__ASSIGNED TASK__
Please return the lines of the data that contain "percussion".

__DATASET ENTRIES__
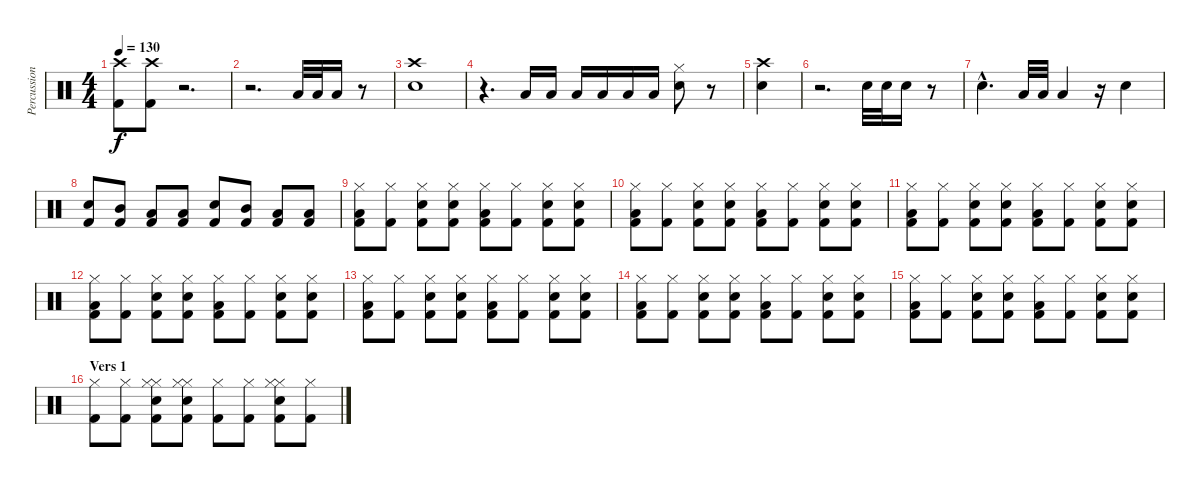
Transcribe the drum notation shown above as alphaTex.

\track ("Percussion" "Percussion") {instrument percussion}
\staff {score}
\articulation defaults
\ts (4 4)
\tempo 130
\clef neutral
\ks c
("Crash high (hit)" "Kick (hit) 2").8{dy f} ("Crash high (hit)" "Kick (hit) 2").8 r.2{d} |
r.2{d} "Low Tom (hit)".32 "Low Tom (hit)".32 "Low Tom (hit)".16 r.8 |
("Crash high (hit)" "Snare (hit) 2").1 |
r.4{d} "Low Tom (hit)".16 "Low Tom (hit)".16 "Low Tom (hit)".16 "Low Tom (hit)".16 "Low Tom (hit)".16 "Low Tom (hit)".16 ("Hi-Hat (closed)" "Snare (hit) 2").8 r.8 |
("Crash high (hit)" "Snare (hit) 2").4 |
r.2{d} "Snare (hit) 2".32 "Snare (hit) 2".32 "Snare (hit) 2".16 r.8 |
"Snare (hit) 2"{hac}.4{d} "Low Tom (hit)".32 "Low Tom (hit)".32 "Low Tom (hit)".4 r.16 "Snare (hit) 2".4 |
("Snare (hit) 2" "Kick (hit) 2").8 ("Mid Tom (hit)" "Kick (hit) 2").8 ("Low Tom (hit)" "Kick (hit) 2").8 ("Low Floor Tom (hit)" "Kick (hit) 2").8 ("Snare (hit) 2" "Kick (hit) 2").8 ("Mid Tom (hit)" "Kick (hit) 2").8 ("Low Tom (hit)" "Kick (hit) 2").8 ("Low Floor Tom (hit)" "Kick (hit) 2").8 |
("Hi-Hat (closed)" "Low Tom (hit)" "Kick (hit) 2").8 ("Hi-Hat (closed)" "Kick (hit) 2").8 ("Hi-Hat (closed)" "Snare (hit) 2" "Kick (hit) 2").8 ("Hi-Hat (closed)" "Snare (hit) 2" "Kick (hit) 2").8 ("Hi-Hat (closed)" "Low Tom (hit)" "Kick (hit) 2").8 ("Hi-Hat (closed)" "Kick (hit) 2").8 ("Hi-Hat (closed)" "Snare (hit) 2" "Kick (hit) 2").8 ("Hi-Hat (closed)" "Snare (hit) 2" "Kick (hit) 2").8 |
("Hi-Hat (closed)" "Low Tom (hit)" "Kick (hit) 2").8 ("Hi-Hat (closed)" "Kick (hit) 2").8 ("Hi-Hat (closed)" "Snare (hit) 2" "Kick (hit) 2").8 ("Hi-Hat (closed)" "Snare (hit) 2" "Kick (hit) 2").8 ("Hi-Hat (closed)" "Low Tom (hit)" "Kick (hit) 2").8 ("Hi-Hat (closed)" "Kick (hit) 2").8 ("Hi-Hat (closed)" "Snare (hit) 2" "Kick (hit) 2").8 ("Hi-Hat (closed)" "Snare (hit) 2" "Kick (hit) 2").8 |
("Hi-Hat (closed)" "Low Floor Tom (hit)" "Kick (hit) 2").8 ("Hi-Hat (closed)" "Kick (hit) 2").8 ("Hi-Hat (closed)" "Snare (hit) 2" "Kick (hit) 2").8 ("Hi-Hat (closed)" "Snare (hit) 2" "Kick (hit) 2").8 ("Hi-Hat (closed)" "Low Floor Tom (hit)" "Kick (hit) 2").8 ("Hi-Hat (closed)" "Kick (hit) 2").8 ("Hi-Hat (closed)" "Snare (hit) 2" "Kick (hit) 2").8 ("Hi-Hat (closed)" "Snare (hit) 2" "Kick (hit) 2").8 |
("Hi-Hat (closed)" "Low Floor Tom (hit)" "Kick (hit) 2").8 ("Hi-Hat (closed)" "Kick (hit) 2").8 ("Hi-Hat (closed)" "Snare (hit) 2" "Kick (hit) 2").8 ("Hi-Hat (closed)" "Snare (hit) 2" "Kick (hit) 2").8 ("Hi-Hat (closed)" "Low Floor Tom (hit)" "Kick (hit) 2").8 ("Hi-Hat (closed)" "Kick (hit) 2").8 ("Hi-Hat (closed)" "Snare (hit) 2" "Kick (hit) 2").8 ("Hi-Hat (closed)" "Snare (hit) 2" "Kick (hit) 2").8 |
("Hi-Hat (closed)" "Low Tom (hit)" "Kick (hit) 2").8 ("Hi-Hat (closed)" "Kick (hit) 2").8 ("Hi-Hat (closed)" "Snare (hit) 2" "Kick (hit) 2").8 ("Hi-Hat (closed)" "Snare (hit) 2" "Kick (hit) 2").8 ("Hi-Hat (closed)" "Low Tom (hit)" "Kick (hit) 2").8 ("Hi-Hat (closed)" "Kick (hit) 2").8 ("Hi-Hat (closed)" "Snare (hit) 2" "Kick (hit) 2").8 ("Hi-Hat (closed)" "Snare (hit) 2" "Kick (hit) 2").8 |
("Hi-Hat (closed)" "Low Floor Tom (hit)" "Kick (hit) 2").8 ("Hi-Hat (closed)" "Kick (hit) 2").8 ("Hi-Hat (closed)" "Snare (hit) 2" "Kick (hit) 2").8 ("Hi-Hat (closed)" "Snare (hit) 2" "Kick (hit) 2").8 ("Hi-Hat (closed)" "Low Floor Tom (hit)" "Kick (hit) 2").8 ("Hi-Hat (closed)" "Kick (hit) 2").8 ("Hi-Hat (closed)" "Snare (hit) 2" "Kick (hit) 2").8 ("Hi-Hat (closed)" "Snare (hit) 2" "Kick (hit) 2").8 |
("Hi-Hat (closed)" "Low Floor Tom (hit)" "Kick (hit) 2").8 ("Hi-Hat (closed)" "Kick (hit) 2").8 ("Hi-Hat (closed)" "Snare (hit) 2" "Kick (hit) 2").8 ("Hi-Hat (closed)" "Snare (hit) 2" "Kick (hit) 2").8 ("Hi-Hat (closed)" "Low Floor Tom (hit)" "Kick (hit) 2").8 ("Hi-Hat (closed)" "Kick (hit) 2").8 ("Hi-Hat (closed)" "Snare (hit) 2" "Kick (hit) 2").8 ("Hi-Hat (closed)" "Snare (hit) 2" "Kick (hit) 2").8 |
\section ("" "Vers 1")
("Hi-Hat (closed)" "Kick (hit) 2").8 ("Hi-Hat (closed)" "Kick (hit) 2").8 ("Hi-Hat (closed)" "Hi-Hat (closed)" "Snare (hit) 2" "Kick (hit) 2").8 ("Hi-Hat (closed)" "Hi-Hat (closed)" "Snare (hit) 2" "Kick (hit) 2").8 ("Hi-Hat (closed)" "Kick (hit) 2").8 ("Hi-Hat (closed)" "Kick (hit) 2").8 ("Hi-Hat (closed)" "Hi-Hat (closed)" "Snare (hit) 2" "Kick (hit) 2").8 ("Hi-Hat (closed)" "Kick (hit) 2").8
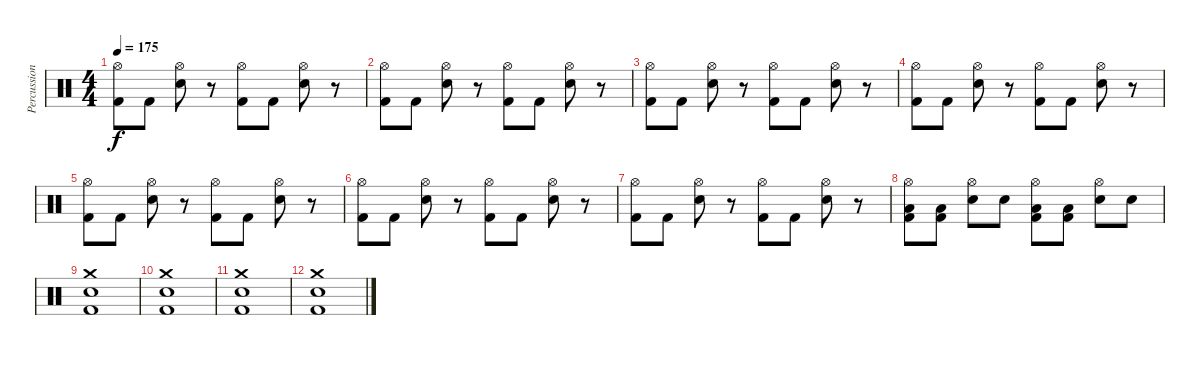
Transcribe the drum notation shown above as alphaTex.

\track ("Percussions" "Percussion") {instrument percussion}
\staff {score}
\articulation defaults
\ts (4 4)
\tempo 175
\clef neutral
\ks c
("Hi-Hat (open)" "Kick (hit) 2").8{dy f} "Kick (hit) 2".8 ("Hi-Hat (open)" "Snare (hit) 2").8 r.8 ("Hi-Hat (open)" "Kick (hit) 2").8 "Kick (hit) 2".8 ("Hi-Hat (open)" "Snare (hit) 2").8 r.8 |
("Hi-Hat (open)" "Kick (hit) 2").8 "Kick (hit) 2".8 ("Hi-Hat (open)" "Snare (hit) 2").8 r.8 ("Hi-Hat (open)" "Kick (hit) 2").8 "Kick (hit) 2".8 ("Hi-Hat (open)" "Snare (hit) 2").8 r.8 |
("Hi-Hat (open)" "Kick (hit) 2").8 "Kick (hit) 2".8 ("Hi-Hat (open)" "Snare (hit) 2").8 r.8 ("Hi-Hat (open)" "Kick (hit) 2").8 "Kick (hit) 2".8 ("Hi-Hat (open)" "Snare (hit) 2").8 r.8 |
("Hi-Hat (open)" "Kick (hit) 2").8 "Kick (hit) 2".8 ("Hi-Hat (open)" "Snare (hit) 2").8 r.8 ("Hi-Hat (open)" "Kick (hit) 2").8 "Kick (hit) 2".8 ("Hi-Hat (open)" "Snare (hit) 2").8 r.8 |
("Hi-Hat (open)" "Kick (hit) 2").8 "Kick (hit) 2".8 ("Hi-Hat (open)" "Snare (hit) 2").8 r.8 ("Hi-Hat (open)" "Kick (hit) 2").8 "Kick (hit) 2".8 ("Hi-Hat (open)" "Snare (hit) 2").8 r.8 |
("Hi-Hat (open)" "Kick (hit) 2").8 "Kick (hit) 2".8 ("Hi-Hat (open)" "Snare (hit) 2").8 r.8 ("Hi-Hat (open)" "Kick (hit) 2").8 "Kick (hit) 2".8 ("Hi-Hat (open)" "Snare (hit) 2").8 r.8 |
("Hi-Hat (open)" "Kick (hit) 2").8 "Kick (hit) 2".8 ("Hi-Hat (open)" "Snare (hit) 2").8 r.8 ("Hi-Hat (open)" "Kick (hit) 2").8 "Kick (hit) 2".8 ("Hi-Hat (open)" "Snare (hit) 2").8 r.8 |
("Hi-Hat (open)" "Low Tom (hit)" "Kick (hit) 2").8 ("Low Tom (hit)" "Kick (hit) 2").8 ("Hi-Hat (open)" "Snare (hit) 2").8 "Snare (hit) 2".8 ("Hi-Hat (open)" "Low Tom (hit)" "Kick (hit) 2").8 ("Low Tom (hit)" "Kick (hit) 2").8 ("Hi-Hat (open)" "Snare (hit) 2").8 "Snare (hit) 2".8 |
("Crash medium (hit)" "Snare (hit) 2" "Kick (hit) 2").1 |
("Crash medium (hit)" "Snare (hit) 2" "Kick (hit) 2").1 |
("Crash medium (hit)" "Snare (hit) 2" "Kick (hit) 2").1 |
("Crash medium (hit)" "Snare (hit) 2" "Kick (hit) 2").1
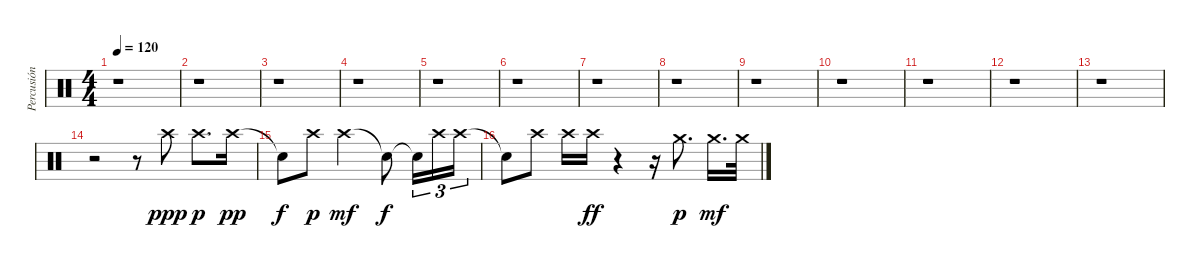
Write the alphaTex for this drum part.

\track ("Percusión" "Percusión") {instrument percussion}
\staff {score}
\articulation defaults
\ts (4 4)
\tempo 120
\clef neutral
\ks c
r.1{dy ppp} |
r.1 |
r.1 |
r.1 |
r.1 |
r.1 |
r.1 |
r.1 |
r.1 |
r.1 |
r.1 |
r.1 |
r.1 |
r.2 r.8 "Crash high (hit)".8 "Crash high (hit)".8{d dy p} "Crash high (hit)".16{dy pp} |
"Snare (hit)"{t}.8{dy f} "Crash high (hit)".8{dy p} "Crash high (hit)".2{dy mf} "Snare (hit)"{t}.8{dy f} "Snare (hit)"{t}.16{tu (3 2)} "Crash high (hit)".16{tu (3 2)} "Crash high (hit)".16{tu (3 2)} |
"Snare (hit)"{t}.8 "Crash high (hit)".8 "Crash high (hit)".16 "Crash high (hit)".16{dy ff} r.4 r.16 "Crash medium (hit)".8{d dy p} "Crash medium (hit)".16{d dy mf} "Crash medium (hit)".32
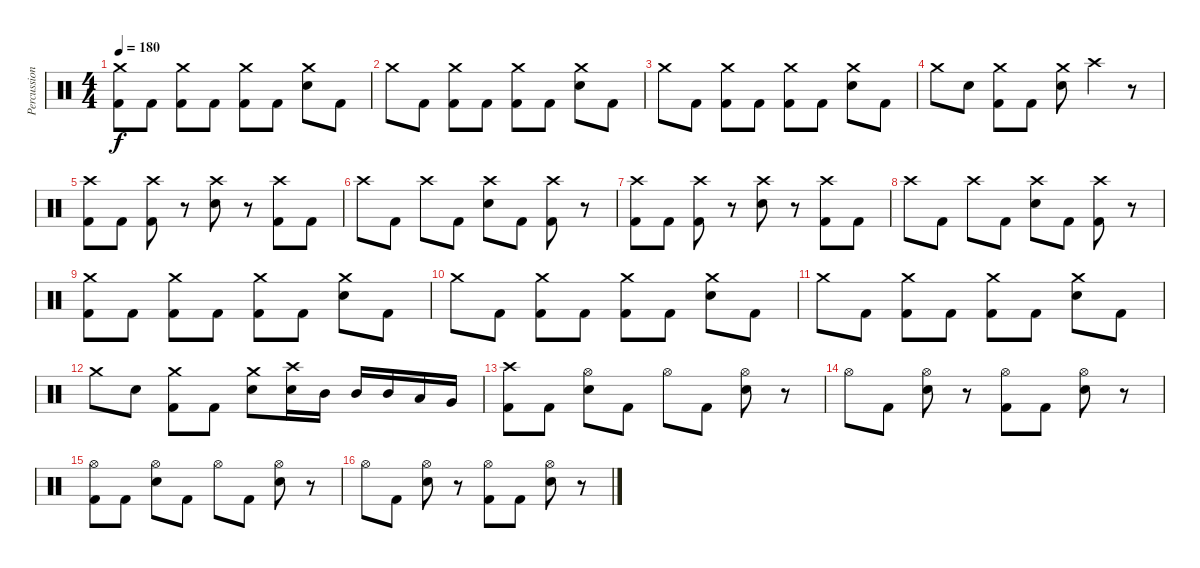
\track ("Percussion" "Percussion") {instrument percussion}
\staff {score}
\articulation defaults
\ts (4 4)
\tempo 180
\clef neutral
\ks c
("Crash medium (hit)" "Kick (hit) 2").8{dy f} "Kick (hit) 2".8 ("Crash medium (hit)" "Kick (hit) 2").8 "Kick (hit) 2".8 ("Crash medium (hit)" "Kick (hit) 2").8 "Kick (hit) 2".8 ("Crash medium (hit)" "Snare (hit) 2").8 "Kick (hit) 2".8 |
"Crash medium (hit)".8 "Kick (hit) 2".8 ("Crash medium (hit)" "Kick (hit) 2").8 "Kick (hit) 2".8 ("Crash medium (hit)" "Kick (hit) 2").8 "Kick (hit) 2".8 ("Crash medium (hit)" "Snare (hit) 2").8 "Kick (hit) 2".8 |
"Crash medium (hit)".8 "Kick (hit) 2".8 ("Crash medium (hit)" "Kick (hit) 2").8 "Kick (hit) 2".8 ("Crash medium (hit)" "Kick (hit) 2").8 "Kick (hit) 2".8 ("Crash medium (hit)" "Snare (hit) 2").8 "Kick (hit) 2".8 |
"Crash medium (hit)".8 "Snare (hit) 2".8 ("Crash medium (hit)" "Kick (hit) 2").8 "Kick (hit) 2".8 ("Crash medium (hit)" "Snare (hit) 2").8 "Crash high (hit)".4 r.8 |
("Crash high (hit)" "Kick (hit) 2").8 "Kick (hit) 2".8 ("Crash high (hit)" "Kick (hit) 2").8 r.8 ("Crash high (hit)" "Snare (hit) 2").8 r.8 ("Crash high (hit)" "Kick (hit) 2").8 "Kick (hit) 2".8 |
"Crash high (hit)".8 "Kick (hit) 2".8 "Crash high (hit)".8 "Kick (hit) 2".8 ("Crash high (hit)" "Snare (hit) 2").8 "Kick (hit) 2".8 ("Crash high (hit)" "Kick (hit) 2").8 r.8 |
("Crash high (hit)" "Kick (hit) 2").8 "Kick (hit) 2".8 ("Crash high (hit)" "Kick (hit) 2").8 r.8 ("Crash high (hit)" "Snare (hit) 2").8 r.8 ("Crash high (hit)" "Kick (hit) 2").8 "Kick (hit) 2".8 |
"Crash high (hit)".8 "Kick (hit) 2".8 "Crash high (hit)".8 "Kick (hit) 2".8 ("Crash high (hit)" "Snare (hit) 2").8 "Kick (hit) 2".8 ("Crash high (hit)" "Kick (hit) 2").8 r.8 |
("Crash medium (hit)" "Kick (hit) 2").8 "Kick (hit) 2".8 ("Crash medium (hit)" "Kick (hit) 2").8 "Kick (hit) 2".8 ("Crash medium (hit)" "Kick (hit) 2").8 "Kick (hit) 2".8 ("Crash medium (hit)" "Snare (hit) 2").8 "Kick (hit) 2".8 |
"Crash medium (hit)".8 "Kick (hit) 2".8 ("Crash medium (hit)" "Kick (hit) 2").8 "Kick (hit) 2".8 ("Crash medium (hit)" "Kick (hit) 2").8 "Kick (hit) 2".8 ("Crash medium (hit)" "Snare (hit) 2").8 "Kick (hit) 2".8 |
"Crash medium (hit)".8 "Kick (hit) 2".8 ("Crash medium (hit)" "Kick (hit) 2").8 "Kick (hit) 2".8 ("Crash medium (hit)" "Kick (hit) 2").8 "Kick (hit) 2".8 ("Crash medium (hit)" "Snare (hit) 2").8 "Kick (hit) 2".8 |
"Crash medium (hit)".8 "Snare (hit) 2".8 ("Crash medium (hit)" "Kick (hit) 2").8 "Kick (hit) 2".8 ("Crash medium (hit)" "Snare (hit) 2").8 ("Crash high (hit)" "Snare (hit) 2").16 "Mid Tom (hit)".16 "Mid Tom (hit)".16 "Mid Tom (hit)".16 "Low Tom (hit)".16 "Very Low Tom (hit)".16 |
("Crash high (hit)" "Kick (hit) 2").8 "Kick (hit) 2".8 ("Hi-Hat (open)" "Snare (hit) 2").8 "Kick (hit) 2".8 "Hi-Hat (open)".8 "Kick (hit) 2".8 ("Hi-Hat (open)" "Snare (hit) 2").8 r.8 |
"Hi-Hat (open)".8 "Kick (hit) 2".8 ("Hi-Hat (open)" "Snare (hit) 2").8 r.8 ("Hi-Hat (open)" "Kick (hit) 2").8 "Kick (hit) 2".8 ("Hi-Hat (open)" "Snare (hit) 2").8 r.8 |
("Hi-Hat (open)" "Kick (hit) 2").8 "Kick (hit) 2".8 ("Hi-Hat (open)" "Snare (hit) 2").8 "Kick (hit) 2".8 "Hi-Hat (open)".8 "Kick (hit) 2".8 ("Hi-Hat (open)" "Snare (hit) 2").8 r.8 |
"Hi-Hat (open)".8 "Kick (hit) 2".8 ("Hi-Hat (open)" "Snare (hit) 2").8 r.8 ("Hi-Hat (open)" "Kick (hit) 2").8 "Kick (hit) 2".8 ("Hi-Hat (open)" "Snare (hit) 2").8 r.8
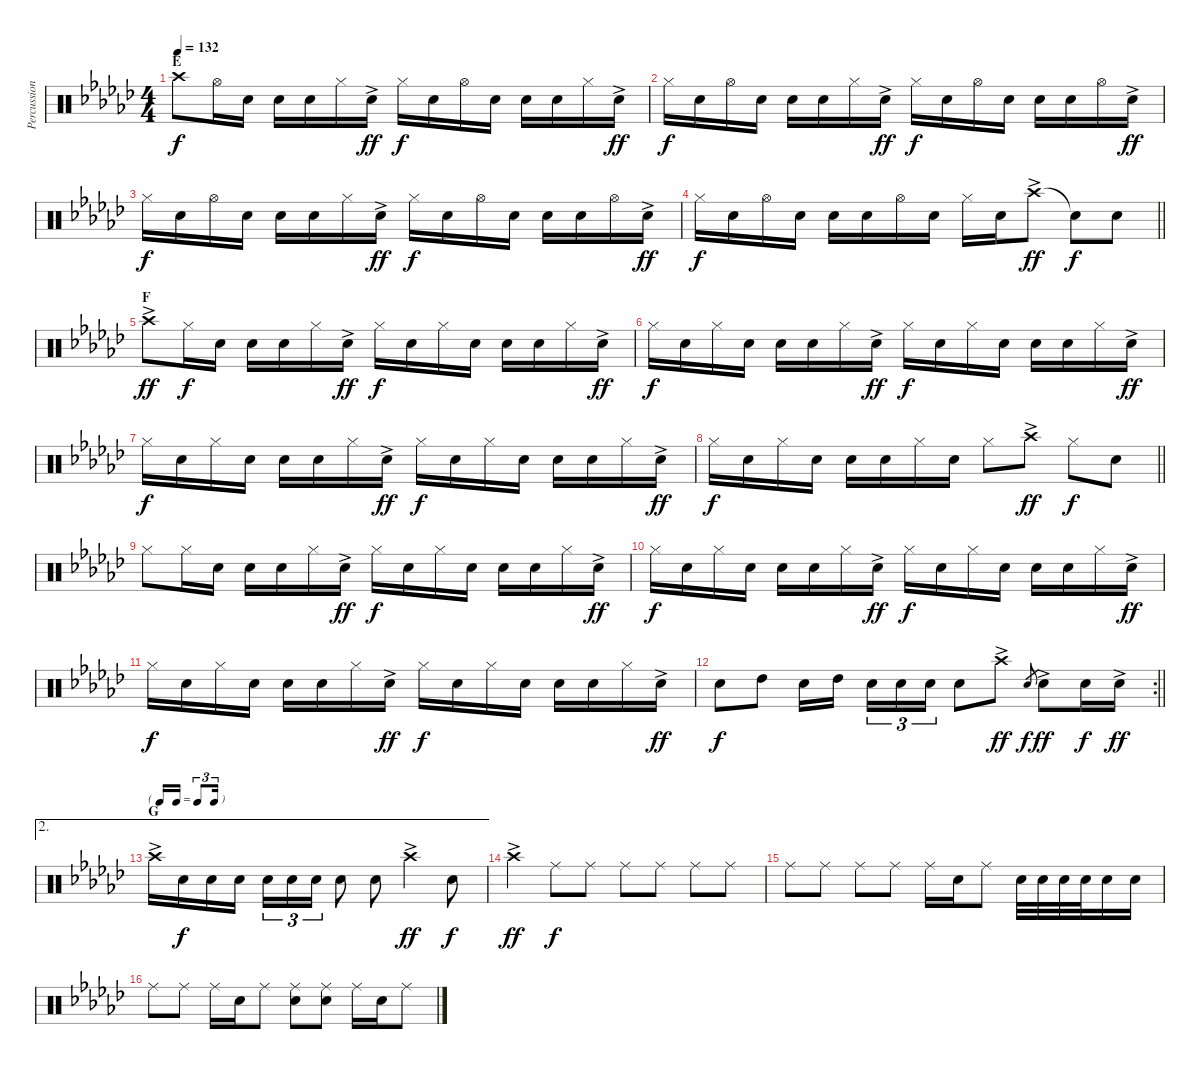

__WRITTEN REPLY__
\track ("Percussion" "Percussion") {instrument percussion}
\track ("Percussions" "Percussion") {instrument percussion}
\track ("Percusión" "Percusión") {instrument percussion}
\track ("Percussion" "Percussion") {instrument percussion}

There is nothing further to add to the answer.